Data records »
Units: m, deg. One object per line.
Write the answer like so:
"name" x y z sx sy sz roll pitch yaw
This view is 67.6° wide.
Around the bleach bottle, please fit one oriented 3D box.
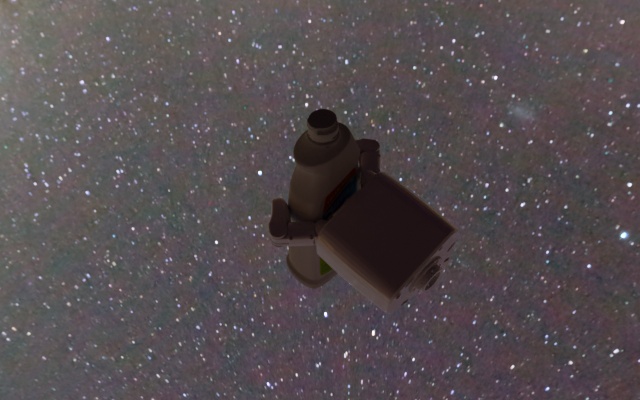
"bleach bottle" 0.000 0.002 0.559 0.102 0.251 0.068 -37 59 -23

Exercise goal »
With pictures omitted, restate exactly every line from the one containing "roll pitch yaw" through the last line of the material, inclusive.

Answer box »
"name" x y z sx sy sz roll pitch yaw
This view is 67.6° wide.
Around the bleach bottle, please fit one oriented 3D box.
"bleach bottle" 0.000 0.002 0.559 0.102 0.251 0.068 -37 59 -23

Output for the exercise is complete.